How the professionals do it.

[Spudley]

An internet cafe I know achieves this very simply: Every night after they close, they just restore every PC to it's original state from a backup on a hidden partition.

Takes them practically zero time or effort -- all they have to do is open the admin program, enter a password, and click 'Okay'. No disks or tapes to insert, and users can do anything the like to the machine during the day. (well... it might be awkward if they managed to delete the backup program, but I don't think that's happened yet.. and anyway, they keep proper backups too, just in case)

Let's ask the metaquestion

[pedantic+bore]

Who rents a beach house so that they can use the computer? When my family rents a beach house, spending time in front of a computer is the last thing on my mind.

From your point of view, putting a computer in a beach house could be a headache anyway, for physical reasons. Everything in a rental property takes a beating. I'd just get a wireless router, hide it in a locked closet, and maybe put a few ethernet jacks where your guests can find them. Let them bring their laptops if they're geeky enough.

You might also make them sign something saying that they're responsible for whatever gets downloaded during the time they're in the house. That way, if you have a guest who downloads something that attracts the wrong sort of attention, maybe they'll get in trouble instead of you.

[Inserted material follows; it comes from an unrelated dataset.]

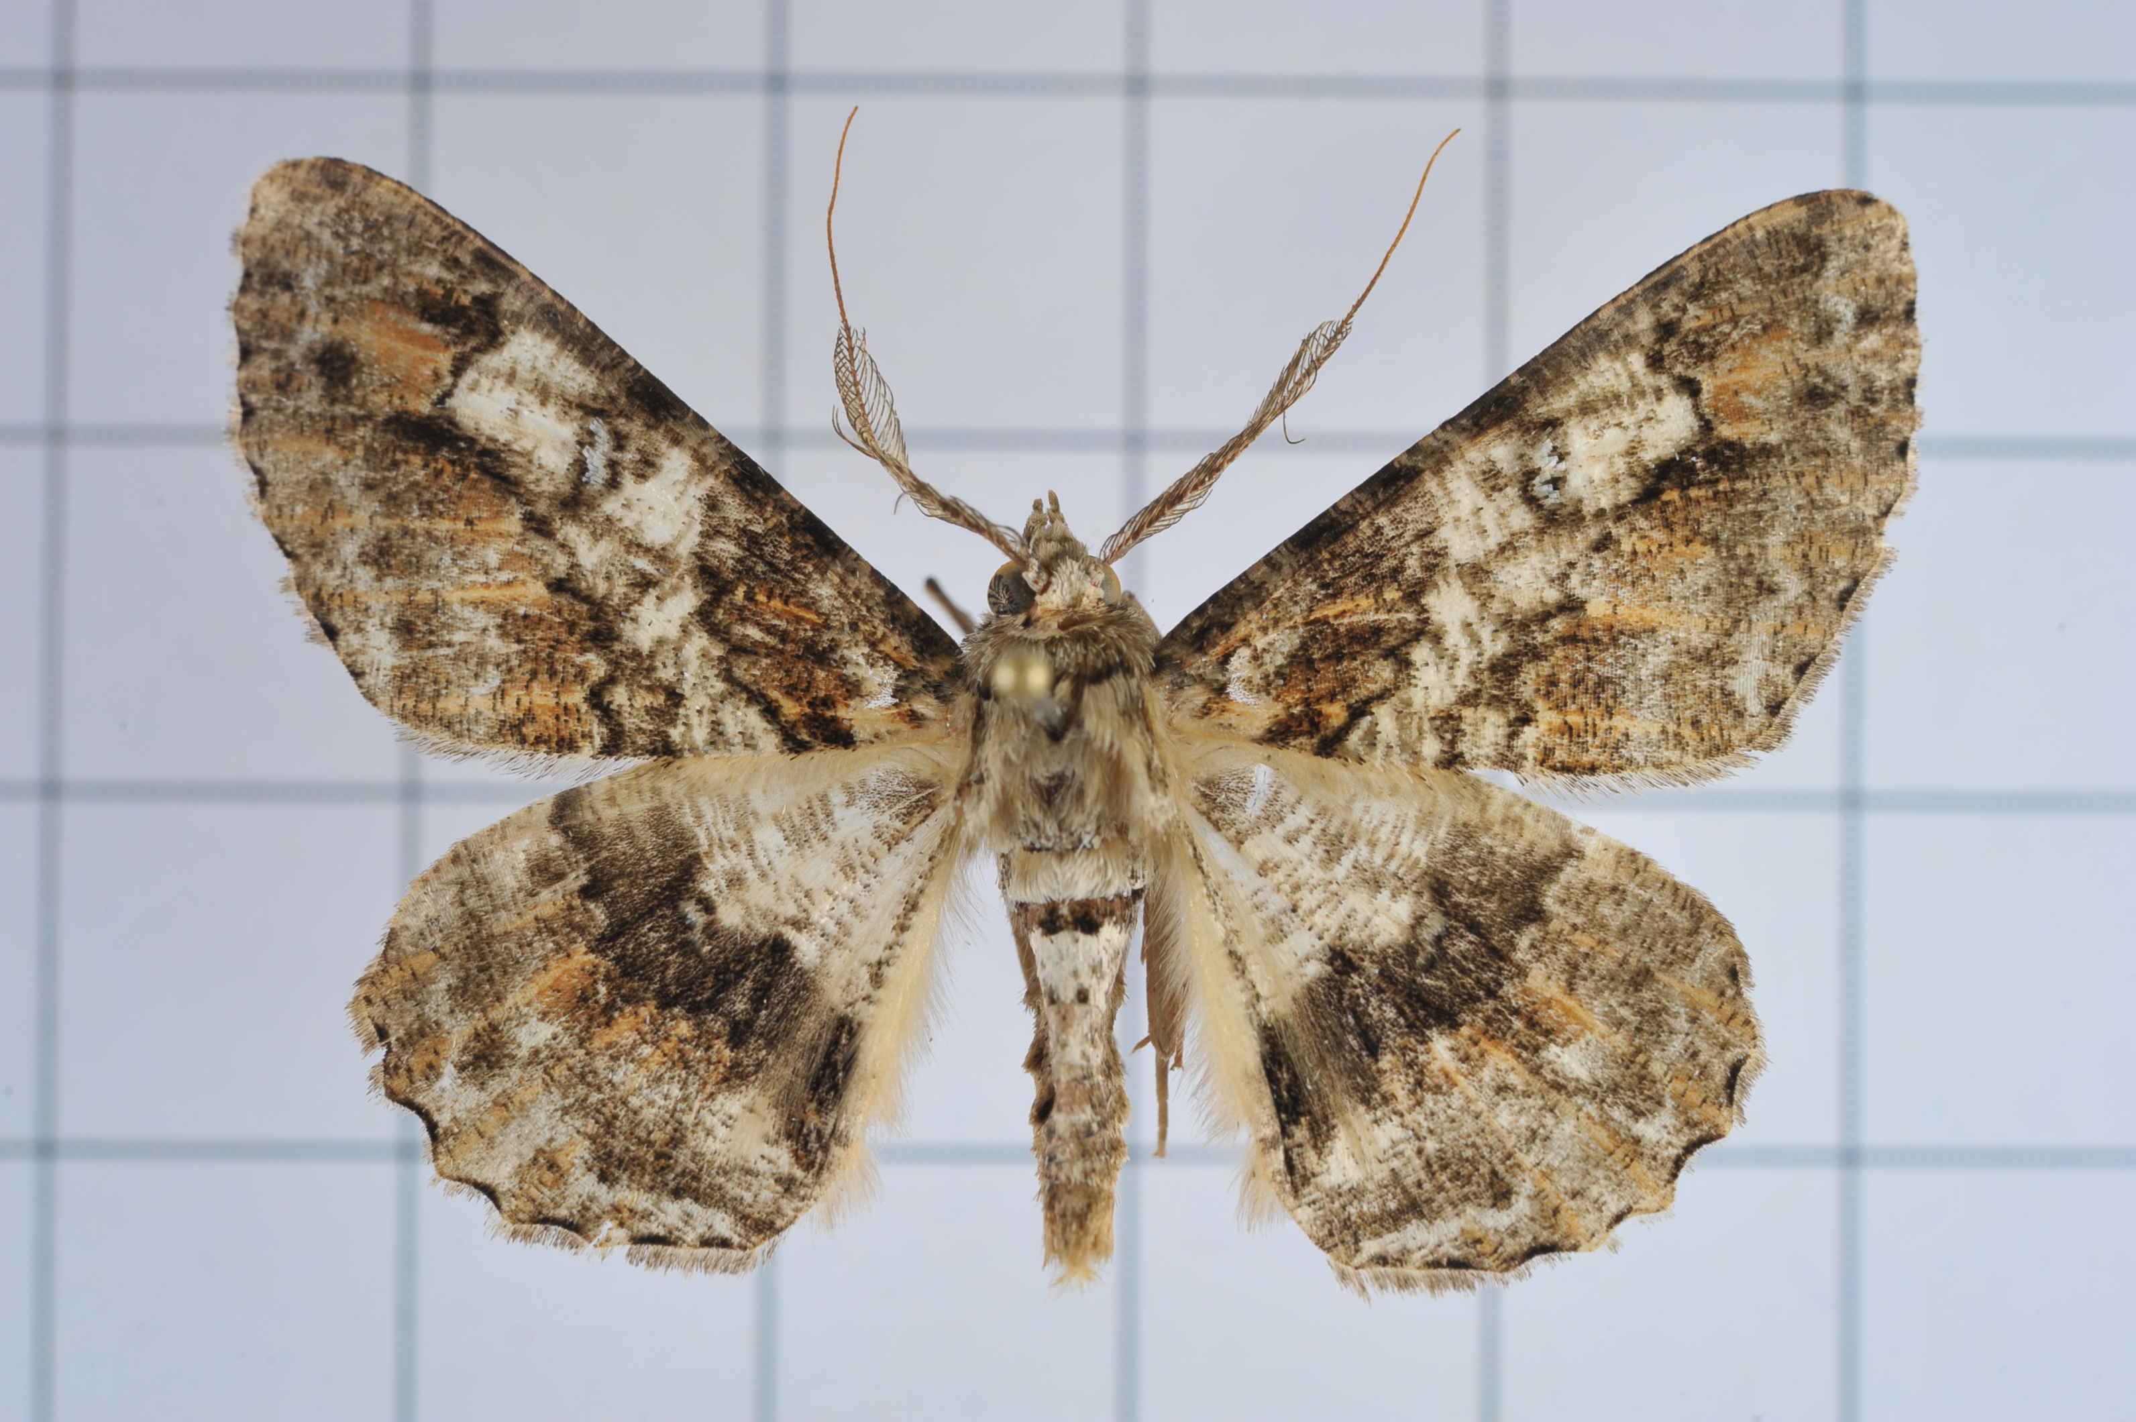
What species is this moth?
Cleora fraterna

Re:Let's ask the metaquestion

[warpSpeed]

Who rents a beach house so that they can use the computer? When my family rents a beach house, spending time in front of a computer is the last thing on my mind

I Do.

I run my own buisness, so I never really get a vacation from email. Also the whole family loves going to the beach, except me. What can I do? I bring my laptop and tons of books magazines, etc. In the past I have used dialup while at the beach (oh the horrors!). DSL access in the beach house would simply be "heaven". Wireless access would be a real bonus (but I can bring my own WAP) I can hang out during the day reading and responding to email and drinking beer.

Now that is a vacation.

Environmental concerns

[YrWrstNtmr]

UPS. Depending on where this is, beach houses suffer from enough storms and power outages to make this a necessity.
Sand and water. This is at the beach. Little Jimmy will start pecking away with sandy fingers. A weatherproof keyboard, at the very least. Sealed cabinet for the case, maybe.

Personally, I'd just give them access, and not the actual PC.

WebTV

[YrWrstNtmr]

Can't use it for much, but hey...at least they can't screw anything up with it.